There is a longstanding tradition of presenting the artist's studio as either allegory or anecdote. Masterpieces like Diego Velazquez's Las Meninas (1656), which later influenced Gustave Courbet's The Artist's Studio (1855), set important precedents that Dantan, and innumerable other artists, would draw from. The Salon jury would have been especially receptive to this subject, and because his 1880 submission was well-received and much talked about, Dantan would have been prompted to submit more of the same genre.
Immediately evident in this painting is the tremendous attention to detail, as Dantan is careful to convey a vision of the artists' studio while he is in the act of creation. Marble is prized for its malleability and skin-like translucency but remains an extremely unforgiving medium given that it is a subtractive process. One foul blow of the mallet or careless placement of the chisel could spell ruin for a masterpiece.
The sculpture is likely based on Antoine Houdon's masterpiece, La frileuse (1787), which is an allegory for winter and translates to a woman who is susceptible to the cold. As in many of his works, Dantan maintains a sense of humor and play of irony. Here, the artist's fully clothed sculpture is an exagerration of Houdon's half naked Frileuse, and while the bare branches seen through the window indicate winter, his bared model shows no susceptibility to the cold.

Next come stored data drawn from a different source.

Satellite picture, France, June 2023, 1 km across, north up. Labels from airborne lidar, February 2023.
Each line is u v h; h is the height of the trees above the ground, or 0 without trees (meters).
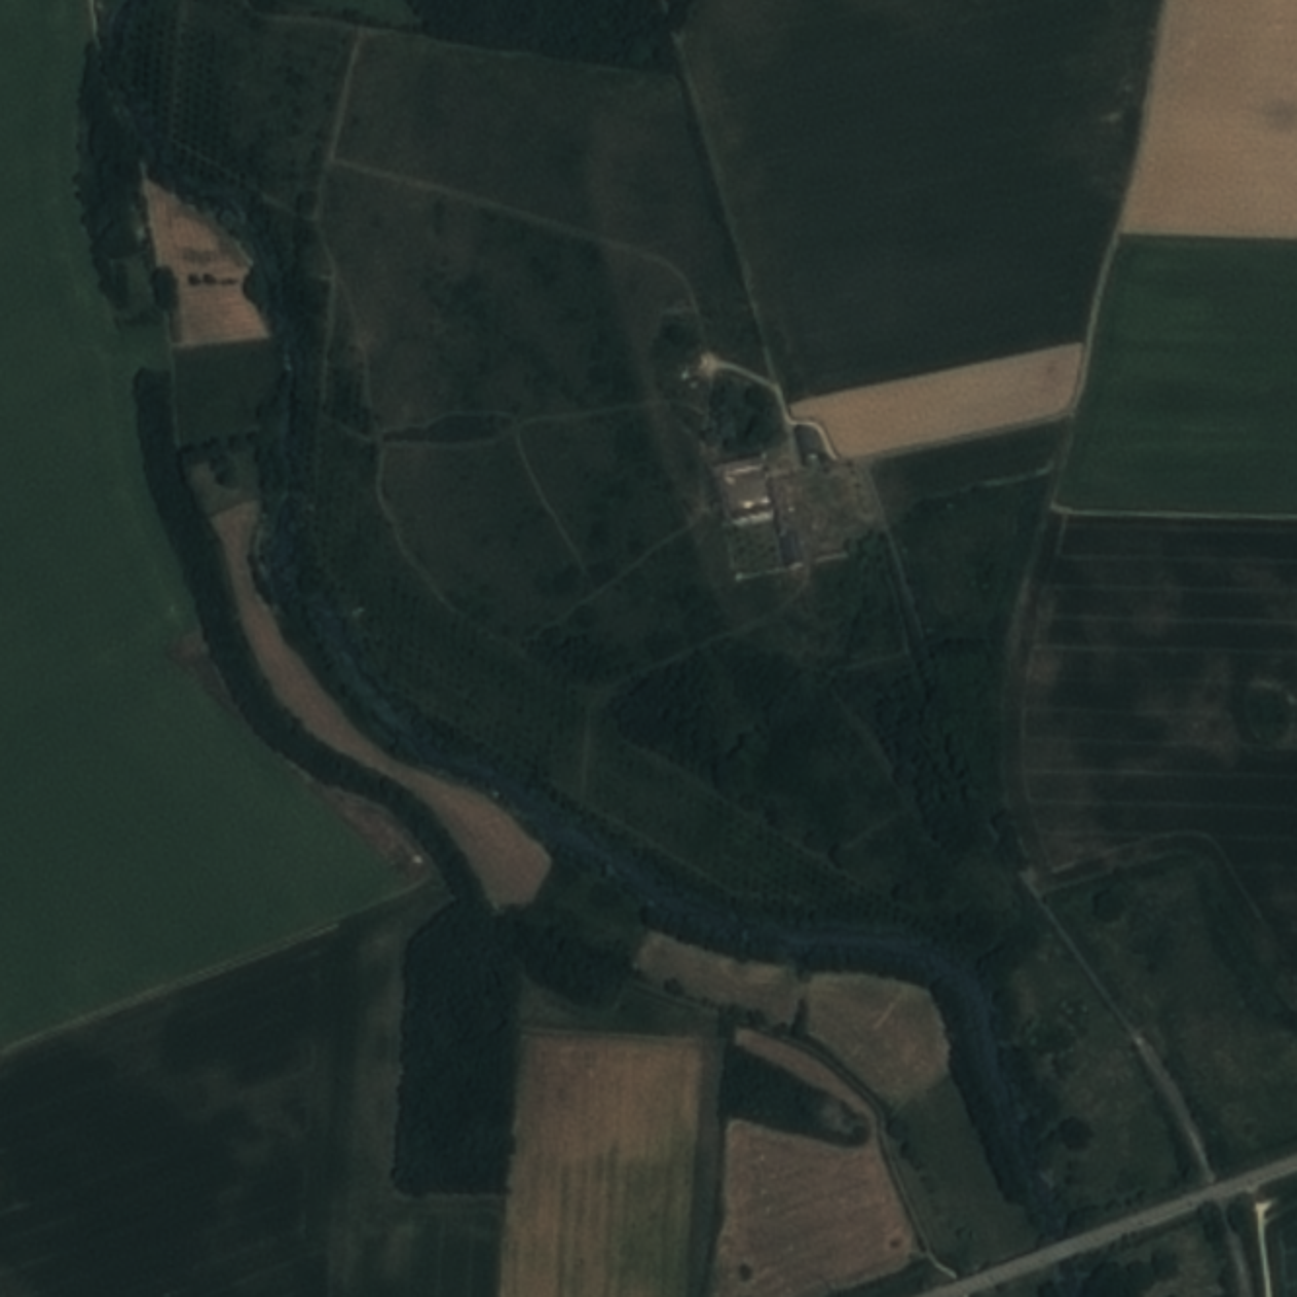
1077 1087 0
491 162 0
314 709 0
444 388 0
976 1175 0
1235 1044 0
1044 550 0
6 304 0
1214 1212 15
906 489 0
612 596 0
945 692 18
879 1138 0
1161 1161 0
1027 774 0
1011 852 12
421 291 0
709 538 0
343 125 0
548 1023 0
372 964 0
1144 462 0
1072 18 0
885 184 0
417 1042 13
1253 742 0
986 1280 0
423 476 0
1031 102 0
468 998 17
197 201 6
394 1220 0
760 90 0
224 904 0
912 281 0
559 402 0
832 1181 0
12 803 0
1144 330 0
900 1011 0
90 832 0
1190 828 0
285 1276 0
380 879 0
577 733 0
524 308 0
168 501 14
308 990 0
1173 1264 19
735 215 0
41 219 0
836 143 0
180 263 0
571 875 0
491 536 0
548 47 12
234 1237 0
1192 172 0
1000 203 0
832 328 0
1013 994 8
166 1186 0
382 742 0
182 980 0
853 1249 0
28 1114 0
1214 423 0
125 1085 0
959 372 0
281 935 0
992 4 0
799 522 0
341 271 0
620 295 0
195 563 9
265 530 0
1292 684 0
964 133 0
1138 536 0
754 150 0
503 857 0
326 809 0
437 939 15
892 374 0
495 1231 0
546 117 0
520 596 0
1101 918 9
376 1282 0
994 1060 0
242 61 0
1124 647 0
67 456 0
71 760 0
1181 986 0
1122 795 0
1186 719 0
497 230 0
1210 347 0
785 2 0
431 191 0
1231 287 0
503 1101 17
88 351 0
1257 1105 0
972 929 14
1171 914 0
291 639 0
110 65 12
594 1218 0
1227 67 0
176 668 0
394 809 7
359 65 0
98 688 0
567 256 0
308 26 0
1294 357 0
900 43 0
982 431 0
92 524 0
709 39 0
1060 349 0
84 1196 0
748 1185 0
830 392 0
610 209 0
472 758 0
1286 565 0
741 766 18
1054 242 0
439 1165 14
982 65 0
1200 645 0
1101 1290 23
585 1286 0
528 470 0
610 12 17
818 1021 0
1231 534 0
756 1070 7
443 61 0
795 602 0
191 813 0
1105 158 0
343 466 0
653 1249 0
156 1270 0
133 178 21
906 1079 0
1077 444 0
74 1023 0
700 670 10
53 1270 0
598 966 14
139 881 0
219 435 0
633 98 0
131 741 0
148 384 13
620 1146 0
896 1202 0
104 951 0
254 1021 0
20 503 0
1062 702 0
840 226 0
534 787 7
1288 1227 0
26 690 0
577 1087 0
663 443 0
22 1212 0
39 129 0
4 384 0
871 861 0
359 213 0
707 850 0
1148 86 0
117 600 0
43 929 0
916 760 21
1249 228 0
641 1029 0
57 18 0
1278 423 0
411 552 0
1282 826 0
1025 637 0
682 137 0
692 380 0
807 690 14
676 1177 0
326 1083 0
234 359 0
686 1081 0
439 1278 0
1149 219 0
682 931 24
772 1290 0
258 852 0
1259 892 0
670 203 0
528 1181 0
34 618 0
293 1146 0
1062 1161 0
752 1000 0
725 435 9
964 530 0
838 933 0
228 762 0

In the present work, Dantan's artist is chiseling at the drapery of his subject which is carefully propped on a series of wood blocks so that his area of occupation is at eye level and close to his body. Chisels and spatulas are carefully hung and ordered under shelves that house studies and maquettes, as well as incomplete works and broken fragments. Friezes hang on the walls and earthenware vessels and woven baskets sit on the floor. Interestingly, and a sign of Dantan's ambition, there are two light sources implied in the artist's bright studio. The window shown diffuses light that illuminates the model from behind, and the drapery that she is enveloped in seems to glow. The surfaces of each object are given an extreme amount of consideration, and the result is an artistic tour de force.